A non-NEW reject stays inside that per-issue ship loop. Auto-ship only records a failure when the run
ends in a terminal error, such as a crash, an explicit fail, transition-cap exhaustion, or a reject
that rolls the issue back to shipper:new.
The shared per-run transition cap (MAX_TRANSITIONS = 15) prevents infinite loops, including tight
pr-reviewed <-> pr-remediate reject/resume cycles.
The reset command
Section titled “The reset command”reset only moves an issue backward to an earlier workflow stage.
- Without
--to, it presents an interactive picker of valid earlier targets. - With
--to <stage>, it resets directly to the specified earlier stage. - Valid reset targets are
new,groomed,designed,planned, andimplemented, as long as the target is behind the current stage. - Reset removes later shipper labels, closes matching open PRs, and for any closed PR whose head ref
starts with
shipper/attempts to delete that remote branch; it also removes matching local branches and local worktrees, deletes later-stage issue comments, and posts a reset notice comment after re-applying the target label. - Reset always removes
shipper:failed. - Reset preserves
shipper:priority-highandshipper:priority-low.
For symptom-first reset guidance, see failed issues and rollback loops.
Locking
Section titled “Locking”The shipper:locked label prevents concurrent execution on the same issue.
- Acquire: Adds the label. If it is already present and stale according to
lockTimeoutMinutes(default30minutes), Shipper clears and reacquires it. If the lock is still fresh, the command errors out. - Heartbeat: Renews the lock every
lockTimeoutMinutes / 3minutes. With the default timeout, that is every 10 minutes. - Release: Removes the label in a
finallyblock after command completion. Signal handlers (SIGINTandSIGTERM) also release the lock. - Staleness detection: Queries the issue timeline API for the most recent
labeledevent forshipper:lockedand compares its age to the configured timeout.
All workflow commands wrap their execution in withIssueLock().

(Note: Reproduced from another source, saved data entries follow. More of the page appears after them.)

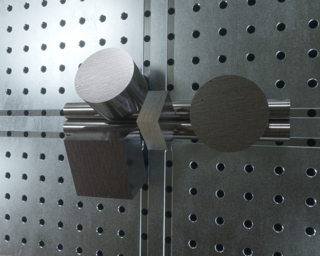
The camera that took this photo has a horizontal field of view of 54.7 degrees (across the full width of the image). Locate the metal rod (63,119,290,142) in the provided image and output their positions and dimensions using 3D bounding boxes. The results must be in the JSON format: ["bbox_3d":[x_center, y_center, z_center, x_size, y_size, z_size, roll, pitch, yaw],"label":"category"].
[{"bbox_3d":[0.007,0.002,0.406,0.301,0.025,0.025,1,90,19],"label":"metal rod"}]

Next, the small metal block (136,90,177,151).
[{"bbox_3d":[-0.002,-0.009,0.366,0.025,0.050,0.050,1,48,20],"label":"small metal block"}]

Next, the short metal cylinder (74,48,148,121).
[{"bbox_3d":[-0.062,-0.056,0.402,0.080,0.050,0.080,-7,64,16],"label":"short metal cylinder"}]

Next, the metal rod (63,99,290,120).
[{"bbox_3d":[0.007,-0.023,0.406,0.301,0.025,0.025,1,90,19],"label":"metal rod"}]

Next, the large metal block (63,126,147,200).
[{"bbox_3d":[-0.069,0.043,0.405,0.080,0.050,0.079,-1,110,20],"label":"large metal block"}]

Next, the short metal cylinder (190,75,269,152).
[{"bbox_3d":[0.078,-0.015,0.341,0.080,0.050,0.079,0,90,20],"label":"short metal cylinder"}]
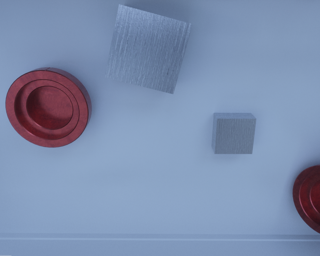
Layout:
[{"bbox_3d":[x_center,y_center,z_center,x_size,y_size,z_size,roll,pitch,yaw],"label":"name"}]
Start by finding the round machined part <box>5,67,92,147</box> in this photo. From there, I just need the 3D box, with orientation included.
[{"bbox_3d":[-0.135,-0.028,0.390,0.099,0.042,0.097,0,110,-1],"label":"round machined part"}]

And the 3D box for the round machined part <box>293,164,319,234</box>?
[{"bbox_3d":[0.237,0.095,0.421,0.042,0.098,0.097,-8,115,-35],"label":"round machined part"}]

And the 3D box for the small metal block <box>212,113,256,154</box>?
[{"bbox_3d":[0.098,0.007,0.415,0.050,0.025,0.050,0,110,-1],"label":"small metal block"}]

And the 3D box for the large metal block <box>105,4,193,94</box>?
[{"bbox_3d":[-0.014,-0.093,0.364,0.081,0.050,0.079,13,110,-6],"label":"large metal block"}]
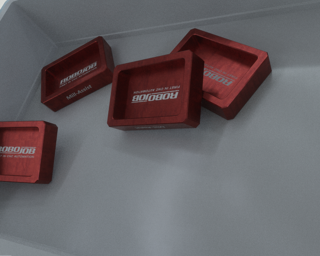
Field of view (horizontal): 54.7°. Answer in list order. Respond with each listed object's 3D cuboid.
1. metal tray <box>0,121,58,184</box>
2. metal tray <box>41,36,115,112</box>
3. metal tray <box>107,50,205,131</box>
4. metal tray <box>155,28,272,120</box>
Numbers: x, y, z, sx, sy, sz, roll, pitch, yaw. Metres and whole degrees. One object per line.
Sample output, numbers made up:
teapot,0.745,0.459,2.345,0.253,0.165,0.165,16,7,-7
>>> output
metal tray,-0.223,0.036,0.470,0.130,0.030,0.090,-1,79,19
metal tray,-0.143,-0.094,0.535,0.130,0.030,0.090,-25,53,12
metal tray,-0.009,-0.045,0.406,0.130,0.030,0.090,-2,77,37
metal tray,0.067,-0.077,0.414,0.130,0.030,0.090,34,80,38
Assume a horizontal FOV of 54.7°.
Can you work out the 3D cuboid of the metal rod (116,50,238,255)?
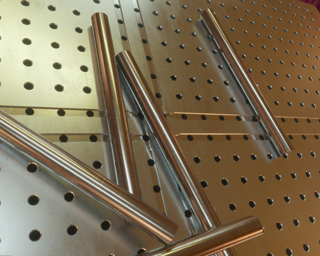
[{"bbox_3d":[0.013,0.024,0.401,0.025,0.025,0.299,-16,70,-35],"label":"metal rod"}]

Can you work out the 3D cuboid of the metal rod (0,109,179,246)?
[{"bbox_3d":[-0.114,0.026,0.312,0.301,0.025,0.025,33,51,0],"label":"metal rod"}]

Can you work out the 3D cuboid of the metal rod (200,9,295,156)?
[{"bbox_3d":[0.146,-0.089,0.543,0.025,0.025,0.299,-11,68,-33],"label":"metal rod"}]

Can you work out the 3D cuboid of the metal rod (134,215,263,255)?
[{"bbox_3d":[-0.024,0.135,0.295,0.303,0.025,0.025,-9,66,-26],"label":"metal rod"}]

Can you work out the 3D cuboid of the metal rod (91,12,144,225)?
[{"bbox_3d":[-0.058,-0.031,0.396,0.025,0.025,0.299,1,61,-28],"label":"metal rod"}]
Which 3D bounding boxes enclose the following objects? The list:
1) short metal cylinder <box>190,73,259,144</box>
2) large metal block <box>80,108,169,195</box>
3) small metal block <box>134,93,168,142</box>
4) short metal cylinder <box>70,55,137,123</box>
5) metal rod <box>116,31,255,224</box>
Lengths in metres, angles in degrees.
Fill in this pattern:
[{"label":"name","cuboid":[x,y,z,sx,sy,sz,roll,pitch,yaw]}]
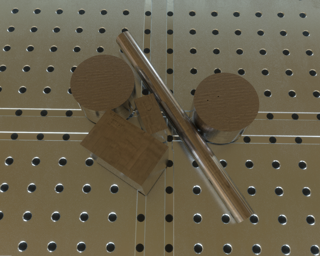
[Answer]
[{"label":"short metal cylinder","cuboid":[0.082,-0.025,0.404,0.081,0.050,0.080,0,70,0]},{"label":"large metal block","cuboid":[-0.037,0.032,0.366,0.080,0.080,0.050,32,74,11]},{"label":"small metal block","cuboid":[-0.011,-0.009,0.397,0.025,0.050,0.050,-20,72,-7]},{"label":"short metal cylinder","cuboid":[-0.072,-0.050,0.412,0.081,0.050,0.080,0,70,0]},{"label":"metal rod","cuboid":[0.024,-0.013,0.412,0.025,0.025,0.299,-30,73,-10]}]
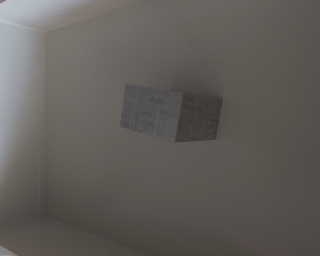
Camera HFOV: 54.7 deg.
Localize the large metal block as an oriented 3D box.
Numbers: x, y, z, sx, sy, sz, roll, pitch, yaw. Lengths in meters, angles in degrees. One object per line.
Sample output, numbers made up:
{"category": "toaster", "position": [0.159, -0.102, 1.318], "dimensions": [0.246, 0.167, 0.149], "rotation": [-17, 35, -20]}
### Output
{"category": "large metal block", "position": [0.014, -0.018, 0.358], "dimensions": [0.080, 0.081, 0.050], "rotation": [15, 99, 39]}
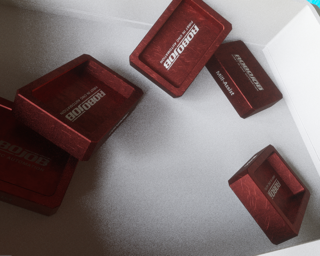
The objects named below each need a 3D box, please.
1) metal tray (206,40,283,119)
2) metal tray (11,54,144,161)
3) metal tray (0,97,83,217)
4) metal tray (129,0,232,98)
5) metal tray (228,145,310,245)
[{"bbox_3d":[0.140,-0.087,0.531,0.091,0.030,0.130,-21,73,-36],"label":"metal tray"},{"bbox_3d":[-0.084,-0.030,0.347,0.090,0.030,0.130,34,35,0],"label":"metal tray"},{"bbox_3d":[-0.149,0.022,0.308,0.131,0.030,0.090,24,53,-14],"label":"metal tray"},{"bbox_3d":[0.029,-0.119,0.443,0.090,0.030,0.130,37,87,-6],"label":"metal tray"},{"bbox_3d":[0.148,0.079,0.405,0.090,0.030,0.131,54,32,10],"label":"metal tray"}]
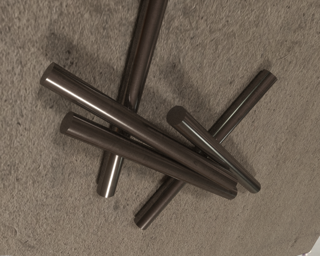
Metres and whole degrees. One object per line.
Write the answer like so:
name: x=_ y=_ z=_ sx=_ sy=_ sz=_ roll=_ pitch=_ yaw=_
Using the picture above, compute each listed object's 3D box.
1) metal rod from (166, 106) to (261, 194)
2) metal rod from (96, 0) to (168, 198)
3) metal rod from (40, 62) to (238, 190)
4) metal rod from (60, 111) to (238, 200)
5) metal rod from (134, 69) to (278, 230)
metal rod: x=0.096 y=0.048 z=0.461 sx=0.025 sy=0.025 sz=0.301 roll=-47 pitch=139 yaw=4
metal rod: x=-0.032 y=-0.044 z=0.362 sx=0.025 sy=0.025 sz=0.298 roll=3 pitch=117 yaw=-30
metal rod: x=-0.001 y=0.014 z=0.377 sx=0.301 sy=0.025 sz=0.025 roll=32 pitch=100 yaw=-34
metal rod: x=0.010 y=0.049 z=0.410 sx=0.301 sy=0.025 sz=0.025 roll=28 pitch=103 yaw=-38
metal rod: x=0.064 y=0.036 z=0.466 sx=0.025 sy=0.025 sz=0.299 roll=35 pitch=99 yaw=-39
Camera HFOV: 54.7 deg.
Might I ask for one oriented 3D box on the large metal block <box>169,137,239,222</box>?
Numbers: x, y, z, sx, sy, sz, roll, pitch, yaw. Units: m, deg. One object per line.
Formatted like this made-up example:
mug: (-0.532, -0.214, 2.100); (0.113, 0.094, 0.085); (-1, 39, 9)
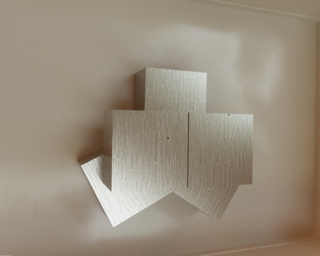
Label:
large metal block: (0.057, 0.064, 0.415); (0.080, 0.050, 0.080); (36, 79, -16)

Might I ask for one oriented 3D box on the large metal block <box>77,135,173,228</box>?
large metal block: (-0.044, 0.059, 0.379); (0.081, 0.050, 0.080); (-28, 99, -18)

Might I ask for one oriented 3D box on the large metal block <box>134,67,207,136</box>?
large metal block: (0.012, -0.031, 0.400); (0.081, 0.050, 0.080); (2, 90, -20)

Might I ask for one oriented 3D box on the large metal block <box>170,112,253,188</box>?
large metal block: (0.059, 0.024, 0.363); (0.081, 0.050, 0.080); (1, 90, -20)

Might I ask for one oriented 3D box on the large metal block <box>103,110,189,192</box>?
large metal block: (-0.017, 0.022, 0.336); (0.081, 0.050, 0.080); (1, 90, -20)
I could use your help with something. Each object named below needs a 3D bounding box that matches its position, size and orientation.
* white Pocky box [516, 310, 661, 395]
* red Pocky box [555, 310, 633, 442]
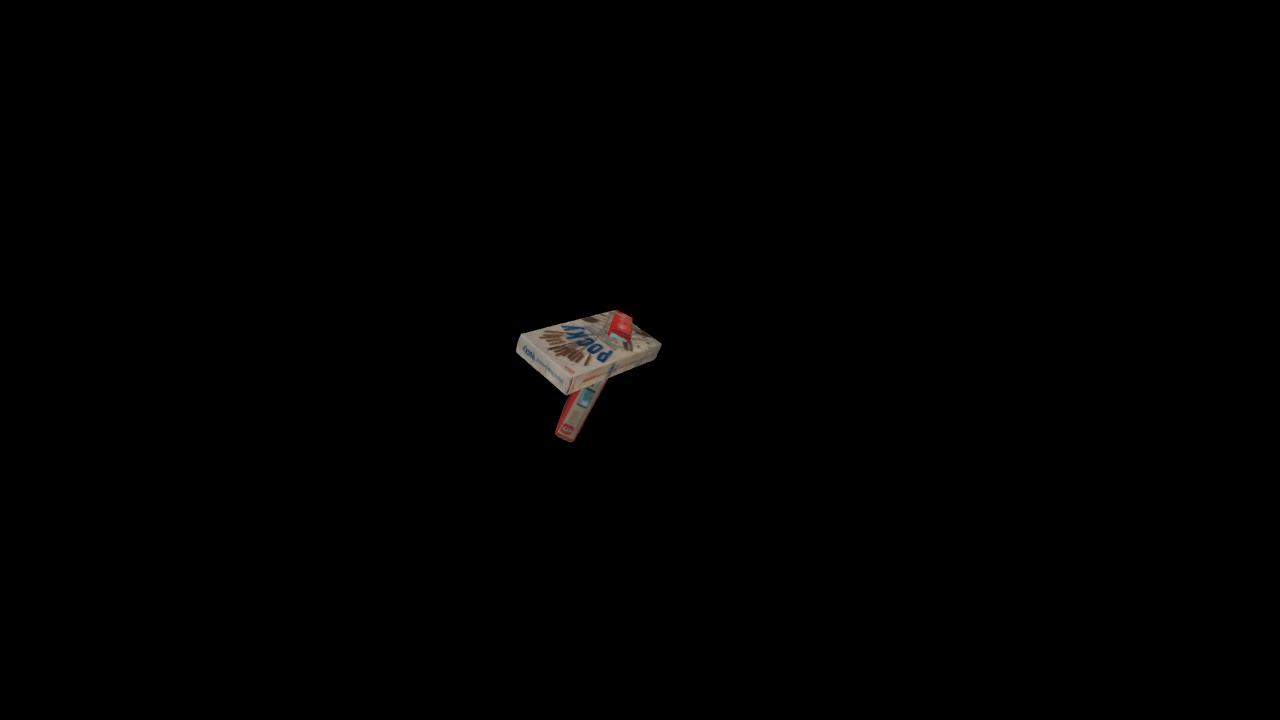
[{"bbox_3d":[-0.053,-0.013,0.686,0.084,0.028,0.154,37,34,25],"label":"white Pocky box"},{"bbox_3d":[-0.056,0.018,0.750,0.028,0.155,0.083,27,17,-8],"label":"red Pocky box"}]
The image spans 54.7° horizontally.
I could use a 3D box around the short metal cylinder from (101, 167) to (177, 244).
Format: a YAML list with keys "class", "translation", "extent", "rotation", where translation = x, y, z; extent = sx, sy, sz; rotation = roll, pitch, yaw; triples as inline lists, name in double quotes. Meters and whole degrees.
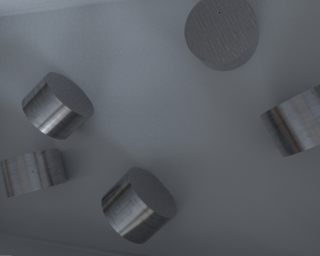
- class: "short metal cylinder"
  translation: [-0.026, 0.096, 0.389]
  extent: [0.050, 0.080, 0.080]
  rotation: [-46, 76, 14]

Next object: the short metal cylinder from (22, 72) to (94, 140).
- class: "short metal cylinder"
  translation: [-0.140, -0.031, 0.429]
  extent: [0.050, 0.080, 0.080]
  rotation: [-41, 78, 15]

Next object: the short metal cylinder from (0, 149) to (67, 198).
- class: "short metal cylinder"
  translation: [-0.179, 0.064, 0.443]
  extent: [0.080, 0.080, 0.050]
  rotation: [-16, 85, 19]

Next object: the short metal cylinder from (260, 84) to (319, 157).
- class: "short metal cylinder"
  translation: [0.155, -0.009, 0.327]
  extent: [0.080, 0.080, 0.050]
  rotation: [-29, 81, 17]

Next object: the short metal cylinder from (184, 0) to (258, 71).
- class: "short metal cylinder"
  translation: [0.075, -0.112, 0.370]
  extent: [0.080, 0.050, 0.079]
  rotation: [0, 90, 19]

For stale lock recovery, see stale locks.
Blocking
Section titled “Blocking”shipper:blocked indicates an issue has unmet dependencies. It is typically set by the agent during
grooming when dependencies are discovered.
- The
nextcommand refuses to advance blocked issues, exceptshipper:new. selectIssuesForStage()excludes blocked issues from auto-selection, except forshipper:new.- The
unblockcommand prompts an agent to re-check dependencies and remove the label if resolved.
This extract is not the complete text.